Pooh-Bah le Grand-tout-le-reste : Bernard ZAKIA (baryton)

Pish-Tush un noble : Mathieu GUIGUE (baryton)

Yum-Yum destinée à épouser Ko-Ko : Nora KETIR (soprano)

Pitti-Sing jeune fille sous la tutelle de Ko-Ko :

Catherine SIMON-VERMOT (mezzo)

Peep-Bo jeune fille sous la tutelle de Ko-Ko :

Sophie CASASNOVAS (mezzo)

Katisha une femme de la cour du Mikado,amoureuse de Nanki-Poo : Michèle PLOCOSTE (mezzo)

et avec

Gaël ROUGEGREZ (danseur)

Chœurs des écolières, des nobles, des gardes, foule - première version :

SOPRANES Clara AZÉMARD, Loredana BERNARDINI, Hombeline BONNARD, Nelly BONNOUVRIER, Sylvane GENZARDI, Christine GIBERT, Marta PRAT-ALDRICH, Myriam THUILLIER, Danielle TOURRIER, Lucrèce VICENTE

MEZZOS Marie CHARLET, Blandine CORNE,Marie-Pierre LAURENT, Michèle MÉDRINAL

TÉNOR Philippe BOISDÉ, Didier CHALU, Emmanuel RUTH, Alain SCHNERB

BASSES Yann BRETT, Daniel FAURE, Patrick LOMADZÉ

Chœurs des écolières, des nobles, des gardes, foule - seconde version :

SOPRANES Olga ALLARD, Clara AZÉMARD, Loredana BERNARDINI, Evelyne BESSE, Hombeline BONNARD, Cécile BONNEMAIN, Nelly BONNOUVRIER, Christine GIBERT, Flore SKAZA, Myriam THUILLIER, Danielle TOURRIER, Lucrèce VICENTE

MEZZOS Marie CHARLET, Blandine CORNE, Fabienne LALISSE, Marie-Pierre LAURENT

TÉNOR Philippe BOISDÉ

BASSES Yann BRETT, Daniel FAURE, Patrick LOMADZÉ, Jean-Michel VOIRONT


ORCHESTRE BERNARD THOMAS

Violon 1 : Jacques BONVALLET - Violon 2 : Constance LELARGE

Alto : Caroline GALLOIS - Violoncelle : Raymond MAILLARD

Contrebasse : Frédérick FRAYSSE - Flûte : Frédéric HOCHAIN

Hautbois : Nicolas BENS - Clarinette : Pascal MONTBESSOUX

Basson : Brice MARTIN - Cor : Lionel SURIN - Trompette : Pierrick CHEVALIER - Trombone : Jean-Charles DUPUIS - Percussion : Yves BALAGUER

L'histoire

Dans le Japon de fantaisie où nous entraînent les auteurs, les lois sont aussi bizarres que cruelles : on y est condamné à mort pour flirt ! C’est ce qui est arrivé dans la commune de Titipu au pauvre tailleur Ko-Ko, mais la ville s’oppose à la sévérité du Mikado en nommant Ko-Ko "Haut-bourreau-en-chef". De cette façon, toute exécution cesse, puisque le nouveau promu ne saurait se couper la tête lui-même.

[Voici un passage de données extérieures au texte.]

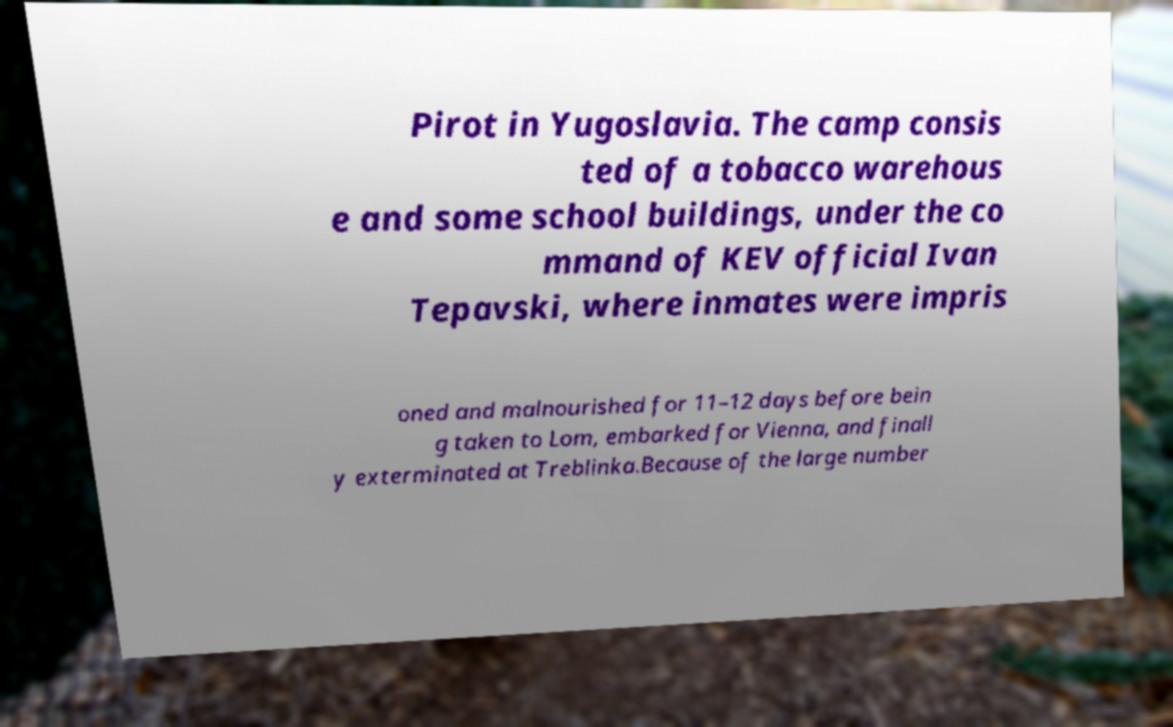For documentation purposes, I need the text within this image transcribed. Could you provide that? Pirot in Yugoslavia. The camp consis ted of a tobacco warehous e and some school buildings, under the co mmand of KEV official Ivan Tepavski, where inmates were impris oned and malnourished for 11–12 days before bein g taken to Lom, embarked for Vienna, and finall y exterminated at Treblinka.Because of the large number

Mais on annonce la venue du grand Mikado, empereur du Japon : il souhaite assister à une exécution capitale (son péché mignon). Comment le satisfaire quand on est un bourreau novice et incompétent, qu’on n’a aucun condamné, ni même de volontaire à se mettre sous le sabre ? De plus, voilà que sa propre fiancée est amoureuse d’un jeune musicien ambulant...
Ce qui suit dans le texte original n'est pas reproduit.